## About this task
Every entry below must be transcribed exactly, with no line missing.

## Given records
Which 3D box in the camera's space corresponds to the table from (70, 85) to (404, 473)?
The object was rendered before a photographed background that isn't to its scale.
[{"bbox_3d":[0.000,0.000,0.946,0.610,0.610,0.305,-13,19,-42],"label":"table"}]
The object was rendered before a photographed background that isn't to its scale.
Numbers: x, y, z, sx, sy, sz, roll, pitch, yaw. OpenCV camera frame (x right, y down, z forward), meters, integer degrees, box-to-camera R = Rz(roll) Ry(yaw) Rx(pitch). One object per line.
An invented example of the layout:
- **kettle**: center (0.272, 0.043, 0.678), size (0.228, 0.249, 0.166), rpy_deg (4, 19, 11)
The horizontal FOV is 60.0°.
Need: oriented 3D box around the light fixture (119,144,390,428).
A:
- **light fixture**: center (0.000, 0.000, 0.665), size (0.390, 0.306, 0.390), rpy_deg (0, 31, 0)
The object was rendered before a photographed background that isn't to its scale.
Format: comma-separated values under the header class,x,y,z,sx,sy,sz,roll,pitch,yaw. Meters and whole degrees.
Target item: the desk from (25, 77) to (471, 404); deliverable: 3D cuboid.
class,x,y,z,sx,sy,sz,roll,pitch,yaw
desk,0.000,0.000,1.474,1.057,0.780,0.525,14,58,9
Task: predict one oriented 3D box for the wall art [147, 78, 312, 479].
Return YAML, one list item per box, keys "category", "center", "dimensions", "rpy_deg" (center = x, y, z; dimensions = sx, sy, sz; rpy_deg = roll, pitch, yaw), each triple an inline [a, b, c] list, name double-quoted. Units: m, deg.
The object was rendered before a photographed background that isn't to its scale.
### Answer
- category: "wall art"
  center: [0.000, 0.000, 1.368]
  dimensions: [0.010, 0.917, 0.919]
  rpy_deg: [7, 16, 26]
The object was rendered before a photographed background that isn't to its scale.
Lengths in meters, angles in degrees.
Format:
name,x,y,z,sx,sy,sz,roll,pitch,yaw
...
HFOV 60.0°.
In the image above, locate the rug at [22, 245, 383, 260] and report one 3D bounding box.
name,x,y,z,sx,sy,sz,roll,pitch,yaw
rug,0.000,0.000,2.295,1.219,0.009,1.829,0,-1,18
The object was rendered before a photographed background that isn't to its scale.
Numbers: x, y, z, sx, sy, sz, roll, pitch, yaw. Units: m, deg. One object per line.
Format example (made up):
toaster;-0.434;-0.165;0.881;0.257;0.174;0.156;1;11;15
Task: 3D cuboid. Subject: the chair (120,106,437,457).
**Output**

## Completed task
Which 3D box in the camera's space corresponds to the table from (70, 85) to (404, 473)?
The object was rendered before a photographed background that isn't to its scale.
[{"bbox_3d":[0.000,0.000,0.946,0.610,0.610,0.305,-13,19,-42],"label":"table"}]
The object was rendered before a photographed background that isn't to its scale.
Numbers: x, y, z, sx, sy, sz, roll, pitch, yaw. OpenCV camera frame (x right, y down, z forward), meters, integer degrees, box-to-camera R = Rz(roll) Ry(yaw) Rx(pitch). One object per line.
An invented example of the layout:
- **kettle**: center (0.272, 0.043, 0.678), size (0.228, 0.249, 0.166), rpy_deg (4, 19, 11)
The horizontal FOV is 60.0°.
Need: oriented 3D box around the light fixture (119,144,390,428).
A:
- **light fixture**: center (0.000, 0.000, 0.665), size (0.390, 0.306, 0.390), rpy_deg (0, 31, 0)
The object was rendered before a photographed background that isn't to its scale.
Format: comma-separated values under the header class,x,y,z,sx,sy,sz,roll,pitch,yaw. Meters and whole degrees.
Target item: the desk from (25, 77) to (471, 404); deliverable: 3D cuboid.
class,x,y,z,sx,sy,sz,roll,pitch,yaw
desk,0.000,0.000,1.474,1.057,0.780,0.525,14,58,9
Task: predict one oriented 3D box for the wall art [147, 78, 312, 479].
Return YAML, one list item per box, keys "category", "center", "dimensions", "rpy_deg" (center = x, y, z; dimensions = sx, sy, sz; rpy_deg = roll, pitch, yaw), each triple an inline [a, b, c] list, name double-quoted. Units: m, deg.
The object was rendered before a photographed background that isn't to its scale.
### Answer
- category: "wall art"
  center: [0.000, 0.000, 1.368]
  dimensions: [0.010, 0.917, 0.919]
  rpy_deg: [7, 16, 26]
The object was rendered before a photographed background that isn't to its scale.
Lengths in meters, angles in degrees.
Format:
name,x,y,z,sx,sy,sz,roll,pitch,yaw
...
HFOV 60.0°.
In the image above, locate the rug at [22, 245, 383, 260] and report one 3D bounding box.
name,x,y,z,sx,sy,sz,roll,pitch,yaw
rug,0.000,0.000,2.295,1.219,0.009,1.829,0,-1,18
The object was rendered before a photographed background that isn't to its scale.
Numbers: x, y, z, sx, sy, sz, roll, pitch, yaw. Units: m, deg. One object per line.
Format example (made up):
toaster;-0.434;-0.165;0.881;0.257;0.174;0.156;1;11;15
Task: 3D cuboid. Subject: the chair (120,106,437,457).
**Output**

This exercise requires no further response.